====== Material to process

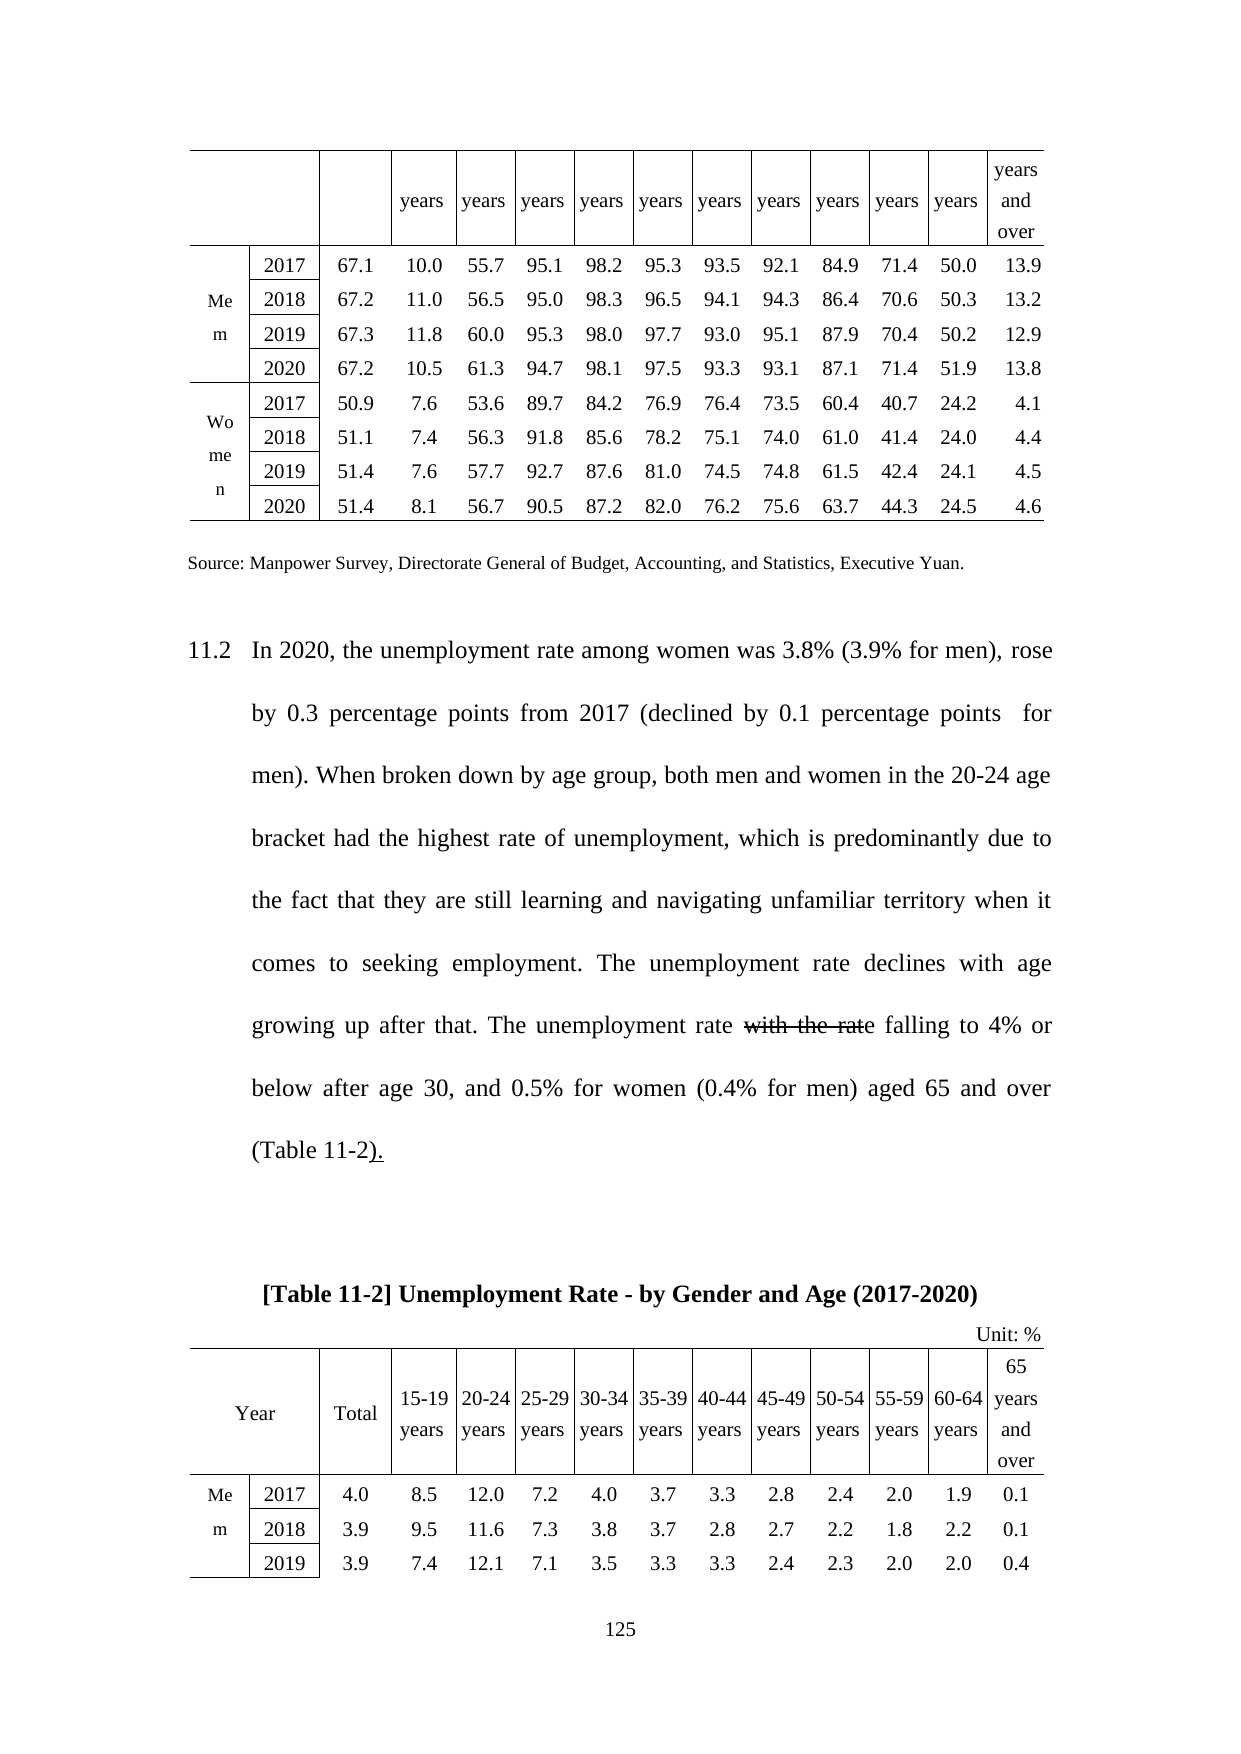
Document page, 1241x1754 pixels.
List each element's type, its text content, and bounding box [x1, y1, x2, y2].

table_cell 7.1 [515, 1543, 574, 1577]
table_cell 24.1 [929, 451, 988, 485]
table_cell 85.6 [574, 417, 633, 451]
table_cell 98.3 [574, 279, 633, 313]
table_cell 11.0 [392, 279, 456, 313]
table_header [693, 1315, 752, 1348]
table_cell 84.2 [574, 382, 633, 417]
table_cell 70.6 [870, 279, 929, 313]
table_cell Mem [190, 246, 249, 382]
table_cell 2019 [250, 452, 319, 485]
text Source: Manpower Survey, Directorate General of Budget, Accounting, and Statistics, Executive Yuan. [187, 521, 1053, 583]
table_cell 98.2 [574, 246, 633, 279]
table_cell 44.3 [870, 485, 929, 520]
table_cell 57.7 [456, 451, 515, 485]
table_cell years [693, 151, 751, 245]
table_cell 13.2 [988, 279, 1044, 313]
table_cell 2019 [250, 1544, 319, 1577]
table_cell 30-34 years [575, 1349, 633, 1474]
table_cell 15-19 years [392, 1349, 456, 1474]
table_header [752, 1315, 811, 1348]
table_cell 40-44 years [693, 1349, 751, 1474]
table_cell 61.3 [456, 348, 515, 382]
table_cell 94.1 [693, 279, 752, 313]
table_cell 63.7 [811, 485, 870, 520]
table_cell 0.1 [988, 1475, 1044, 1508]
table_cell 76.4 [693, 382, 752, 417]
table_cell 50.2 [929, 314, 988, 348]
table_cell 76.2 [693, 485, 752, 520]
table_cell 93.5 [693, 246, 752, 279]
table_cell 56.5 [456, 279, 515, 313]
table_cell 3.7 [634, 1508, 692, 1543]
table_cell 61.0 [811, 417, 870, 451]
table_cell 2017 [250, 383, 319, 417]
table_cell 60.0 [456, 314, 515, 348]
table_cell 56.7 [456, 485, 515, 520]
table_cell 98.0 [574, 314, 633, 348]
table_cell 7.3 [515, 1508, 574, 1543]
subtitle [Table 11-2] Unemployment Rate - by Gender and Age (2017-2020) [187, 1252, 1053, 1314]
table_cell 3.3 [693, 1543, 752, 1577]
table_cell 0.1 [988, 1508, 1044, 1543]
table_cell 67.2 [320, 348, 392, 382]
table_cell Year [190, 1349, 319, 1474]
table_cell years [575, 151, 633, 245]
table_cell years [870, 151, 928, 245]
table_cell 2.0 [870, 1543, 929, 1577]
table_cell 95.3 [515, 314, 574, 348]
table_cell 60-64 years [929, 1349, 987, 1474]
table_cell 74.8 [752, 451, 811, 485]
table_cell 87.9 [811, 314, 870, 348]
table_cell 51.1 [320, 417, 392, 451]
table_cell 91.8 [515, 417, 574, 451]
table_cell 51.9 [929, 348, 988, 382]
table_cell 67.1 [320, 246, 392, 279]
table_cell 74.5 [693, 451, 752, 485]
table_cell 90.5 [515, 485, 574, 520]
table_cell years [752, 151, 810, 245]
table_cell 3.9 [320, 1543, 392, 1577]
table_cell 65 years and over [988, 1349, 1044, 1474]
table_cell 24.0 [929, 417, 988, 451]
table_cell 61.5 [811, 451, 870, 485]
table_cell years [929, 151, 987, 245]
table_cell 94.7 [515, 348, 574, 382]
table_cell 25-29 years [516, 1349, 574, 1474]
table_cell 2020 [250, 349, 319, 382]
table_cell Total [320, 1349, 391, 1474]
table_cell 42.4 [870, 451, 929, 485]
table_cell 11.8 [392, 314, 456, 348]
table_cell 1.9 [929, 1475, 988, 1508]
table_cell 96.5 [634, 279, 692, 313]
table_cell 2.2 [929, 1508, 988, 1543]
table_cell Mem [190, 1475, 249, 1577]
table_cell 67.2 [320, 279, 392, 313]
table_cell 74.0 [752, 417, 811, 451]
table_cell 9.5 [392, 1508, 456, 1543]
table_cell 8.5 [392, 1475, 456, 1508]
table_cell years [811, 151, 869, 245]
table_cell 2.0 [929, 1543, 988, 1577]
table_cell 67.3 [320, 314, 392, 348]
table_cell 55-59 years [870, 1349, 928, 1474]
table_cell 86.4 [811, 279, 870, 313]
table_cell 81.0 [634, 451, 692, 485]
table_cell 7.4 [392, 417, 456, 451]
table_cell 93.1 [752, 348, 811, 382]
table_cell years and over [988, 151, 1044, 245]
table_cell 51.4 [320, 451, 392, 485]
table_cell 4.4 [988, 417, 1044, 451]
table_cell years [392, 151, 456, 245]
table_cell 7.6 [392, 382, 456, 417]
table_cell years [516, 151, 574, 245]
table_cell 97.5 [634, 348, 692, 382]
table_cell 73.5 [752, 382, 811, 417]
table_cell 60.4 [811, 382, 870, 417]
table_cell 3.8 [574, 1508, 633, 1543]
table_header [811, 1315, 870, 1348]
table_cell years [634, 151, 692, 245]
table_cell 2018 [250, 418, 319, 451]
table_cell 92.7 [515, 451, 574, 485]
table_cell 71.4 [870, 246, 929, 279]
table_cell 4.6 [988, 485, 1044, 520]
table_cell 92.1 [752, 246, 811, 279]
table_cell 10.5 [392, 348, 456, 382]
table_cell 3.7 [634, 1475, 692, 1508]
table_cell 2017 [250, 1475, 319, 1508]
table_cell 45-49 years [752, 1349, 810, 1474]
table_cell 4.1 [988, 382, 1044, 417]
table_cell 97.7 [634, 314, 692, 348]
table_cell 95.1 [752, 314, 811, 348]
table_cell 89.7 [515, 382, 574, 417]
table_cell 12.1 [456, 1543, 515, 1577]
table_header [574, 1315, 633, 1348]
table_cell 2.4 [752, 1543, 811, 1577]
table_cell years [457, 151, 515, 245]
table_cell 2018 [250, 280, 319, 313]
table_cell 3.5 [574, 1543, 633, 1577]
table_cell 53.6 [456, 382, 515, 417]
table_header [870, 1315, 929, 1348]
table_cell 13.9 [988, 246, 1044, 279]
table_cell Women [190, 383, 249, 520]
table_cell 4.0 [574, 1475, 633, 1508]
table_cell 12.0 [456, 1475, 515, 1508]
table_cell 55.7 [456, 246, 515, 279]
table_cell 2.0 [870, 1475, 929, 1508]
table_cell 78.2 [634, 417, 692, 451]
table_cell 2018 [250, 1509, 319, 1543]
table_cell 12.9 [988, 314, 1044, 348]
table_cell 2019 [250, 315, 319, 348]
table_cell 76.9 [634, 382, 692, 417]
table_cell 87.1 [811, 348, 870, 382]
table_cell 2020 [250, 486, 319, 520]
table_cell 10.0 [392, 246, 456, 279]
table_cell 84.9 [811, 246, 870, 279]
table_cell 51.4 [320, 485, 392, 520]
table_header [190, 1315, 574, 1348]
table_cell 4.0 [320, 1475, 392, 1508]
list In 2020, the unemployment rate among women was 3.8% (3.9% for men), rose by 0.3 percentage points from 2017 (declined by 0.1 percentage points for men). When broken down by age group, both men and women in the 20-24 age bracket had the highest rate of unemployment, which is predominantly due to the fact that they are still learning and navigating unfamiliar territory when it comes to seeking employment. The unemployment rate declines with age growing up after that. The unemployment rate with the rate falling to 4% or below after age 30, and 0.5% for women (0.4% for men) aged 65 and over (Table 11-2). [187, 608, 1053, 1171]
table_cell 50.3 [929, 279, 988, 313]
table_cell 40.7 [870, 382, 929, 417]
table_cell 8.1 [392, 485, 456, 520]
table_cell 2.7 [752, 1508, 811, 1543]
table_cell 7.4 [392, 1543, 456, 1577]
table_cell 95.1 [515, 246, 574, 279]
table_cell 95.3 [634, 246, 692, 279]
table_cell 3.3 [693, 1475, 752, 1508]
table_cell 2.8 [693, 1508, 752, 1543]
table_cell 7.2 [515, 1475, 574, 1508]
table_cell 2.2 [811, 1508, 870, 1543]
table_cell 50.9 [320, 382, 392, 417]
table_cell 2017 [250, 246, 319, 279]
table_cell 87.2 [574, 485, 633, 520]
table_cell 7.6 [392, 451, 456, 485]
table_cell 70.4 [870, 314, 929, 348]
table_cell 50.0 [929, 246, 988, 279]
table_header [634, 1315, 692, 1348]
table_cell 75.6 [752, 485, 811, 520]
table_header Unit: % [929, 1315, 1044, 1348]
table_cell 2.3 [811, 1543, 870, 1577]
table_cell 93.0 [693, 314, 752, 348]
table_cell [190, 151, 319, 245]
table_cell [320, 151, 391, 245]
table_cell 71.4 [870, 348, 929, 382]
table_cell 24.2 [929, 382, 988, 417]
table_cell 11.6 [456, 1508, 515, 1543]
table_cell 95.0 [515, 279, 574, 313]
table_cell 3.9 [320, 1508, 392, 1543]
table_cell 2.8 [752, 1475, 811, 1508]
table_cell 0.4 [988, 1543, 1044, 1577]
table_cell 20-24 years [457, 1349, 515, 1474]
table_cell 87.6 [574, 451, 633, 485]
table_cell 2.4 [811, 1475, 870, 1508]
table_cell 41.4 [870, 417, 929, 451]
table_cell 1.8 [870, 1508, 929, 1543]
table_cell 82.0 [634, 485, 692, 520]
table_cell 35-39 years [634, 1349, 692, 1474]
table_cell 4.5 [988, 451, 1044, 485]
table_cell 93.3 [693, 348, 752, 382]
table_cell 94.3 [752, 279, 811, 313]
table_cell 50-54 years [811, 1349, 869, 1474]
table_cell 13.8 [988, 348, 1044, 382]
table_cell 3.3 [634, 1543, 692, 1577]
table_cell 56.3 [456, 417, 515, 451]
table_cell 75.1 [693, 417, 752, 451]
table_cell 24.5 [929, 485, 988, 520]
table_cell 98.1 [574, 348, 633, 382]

============

Look for the line with "table_cell [190, 151, 319, 245]" in the records above. Repeat it and each line after it exactly.

Response for this exercise:
table_cell [190, 151, 319, 245]
table_cell [320, 151, 391, 245]
table_cell 71.4 [870, 348, 929, 382]
table_cell 24.2 [929, 382, 988, 417]
table_cell 11.6 [456, 1508, 515, 1543]
table_cell 95.0 [515, 279, 574, 313]
table_cell 3.9 [320, 1508, 392, 1543]
table_cell 2.8 [752, 1475, 811, 1508]
table_cell 0.4 [988, 1543, 1044, 1577]
table_cell 20-24 years [457, 1349, 515, 1474]
table_cell 87.6 [574, 451, 633, 485]
table_cell 2.4 [811, 1475, 870, 1508]
table_cell 41.4 [870, 417, 929, 451]
table_cell 1.8 [870, 1508, 929, 1543]
table_cell 82.0 [634, 485, 692, 520]
table_cell 35-39 years [634, 1349, 692, 1474]
table_cell 4.5 [988, 451, 1044, 485]
table_cell 93.3 [693, 348, 752, 382]
table_cell 94.3 [752, 279, 811, 313]
table_cell 50-54 years [811, 1349, 869, 1474]
table_cell 13.8 [988, 348, 1044, 382]
table_cell 3.3 [634, 1543, 692, 1577]
table_cell 56.3 [456, 417, 515, 451]
table_cell 75.1 [693, 417, 752, 451]
table_cell 24.5 [929, 485, 988, 520]
table_cell 98.1 [574, 348, 633, 382]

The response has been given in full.